E logo Iemanjá colocou–se em oração, pedindo a presença daquele que é o Rei entre os Orixás. Oxalá apresentou–se na frente de todos. Trazia seu opaxorô, o cajado que sustenta o mundo. Cravou ele na Terra, ao lado da espada de Ogum. Também despiu – se de sua roupa sagrada, pra igualar–se a todos, e sua voz ecoou pelos quatro cantos do Orun: - Olorum manda uma mensagem a todos vocês meus irmãos queridos! Ele diz para que não desanimem, pois, se poucos realmente os compreendem, aqueles que assim o fazem, não medem esforços para disseminar essas verdades divinas. Fechem os olhos e vejam, que mesmo com muita tolice e bobagem relacionada e feita em nossos nomes, muita luz e amor também está sendo semeado, regado e colhido, por mãos de sérios e puros trabalhadores nesse às vezes triste, mas abençoado planeta Terra. 

Esses verdadeiros filhos de fé que lutam por uma Umbanda séria, sem os absurdos que por aí acontecem. Esses que muito além de “apenas” prestarem o socorro espiritual, plantam as sementes do amor dentro do coração de milhares de pessoas. Esses que passam por cima das dificuldades materiais, e das pressões espirituais, realizando um trabalho magnífico, atendendo milhares na matéria, mas também, milhões no astral, construindo verdadeiras “bases de luz” na crosta, onde a espiritualidade e religiosidade verdadeira irão manifestar-se. Esses que realmente nos compreendem e buscam – nos dentro do coração espiritual, pois é lá que o verdadeiro Orun reside e existe.
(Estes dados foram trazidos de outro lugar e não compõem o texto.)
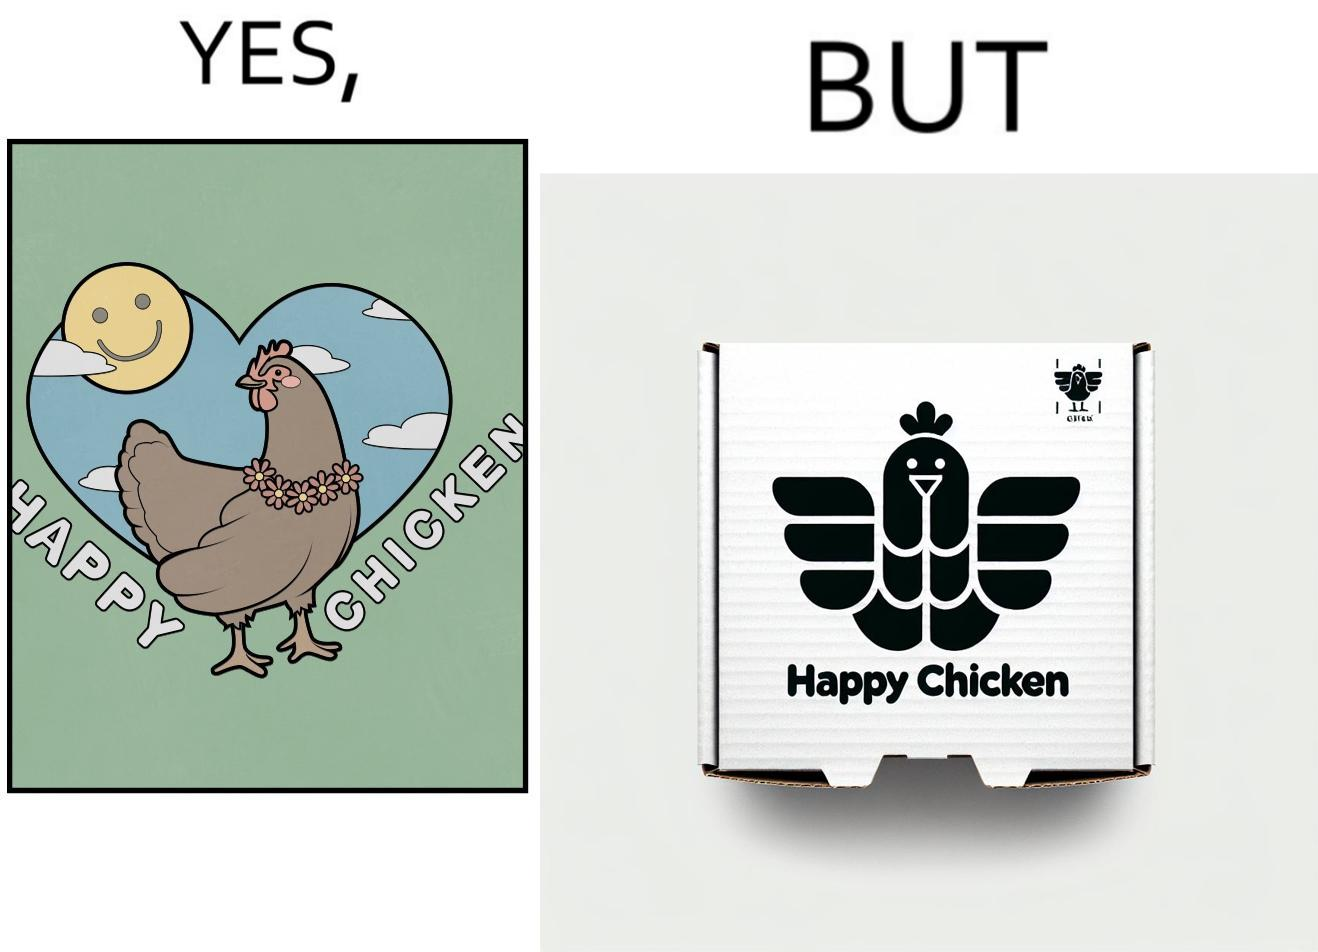Describe the satirical element in this image. The image is ironic, because in the left image as in the logo it shows happy chicken but in the right image the chicken pieces are shown packed in boxes 
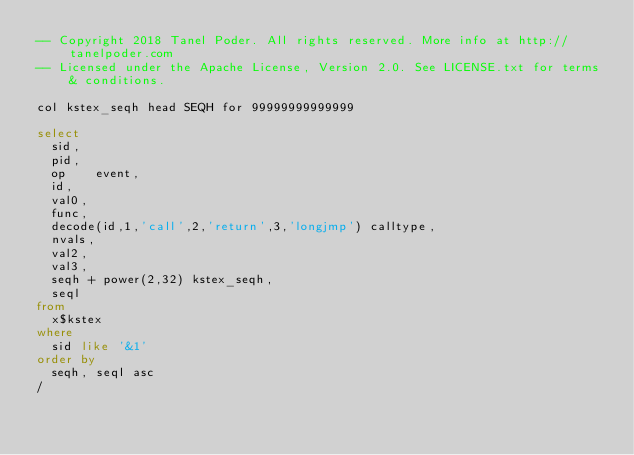Convert code to text. <code><loc_0><loc_0><loc_500><loc_500><_SQL_>-- Copyright 2018 Tanel Poder. All rights reserved. More info at http://tanelpoder.com
-- Licensed under the Apache License, Version 2.0. See LICENSE.txt for terms & conditions.

col kstex_seqh head SEQH for 99999999999999

select 
	sid,
	pid,
	op    event, 
	id,
	val0, 
	func, 
	decode(id,1,'call',2,'return',3,'longjmp') calltype, 
	nvals,  
	val2, 
	val3,
	seqh + power(2,32) kstex_seqh, 
	seql 
from 
	x$kstex 
where
	sid like '&1'
order by
	seqh, seql asc
/

</code>

Esses incríveis filhos de umbanda, que não colocam as responsabilidades da vida deles em nossas costas, mas sim, entendem que tudo depende exclusivamente deles mesmos. Esses fantásticos trabalhadores anônimos, soltos pelo Brasil, que honram e enchem a Umbanda de alegria, fazendo a filhinha mais nova de Olorum brilhar e sorrir… Quando Oxalá calou – se os Orixás estavam mudados. Todos eles tinham suas esperanças recuperadas, realmente viram que se poucos os compreendiam grande era o trabalho que estava sendo realizado, e talvez, daqui algum tempo, muitos outros se juntariam nesse ideal. E aquilo alegrou – os tanto que todos começaram a assumir suas verdadeiras formas, que são de luzes fulgurantes e indescritíveis. 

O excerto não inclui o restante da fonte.